● YOUR OBJECTIVE
Below are several records. Retype exactly those lines running from the one with "Point to the section" through the one with "Point to the block", end lines included, and no others.

● INPUT RECORDS
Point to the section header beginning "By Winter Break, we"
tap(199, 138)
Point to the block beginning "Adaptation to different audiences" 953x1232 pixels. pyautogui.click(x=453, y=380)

==

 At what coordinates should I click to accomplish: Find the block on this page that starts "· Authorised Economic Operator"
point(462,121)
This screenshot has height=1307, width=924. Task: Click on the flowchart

● RESULT FOR THIS EXERCISE
Point to the section header beginning "By Winter Break, we"
tap(199, 138)
Point to the block beginning "Adaptation to different audiences" 953x1232 pixels. pyautogui.click(x=453, y=380)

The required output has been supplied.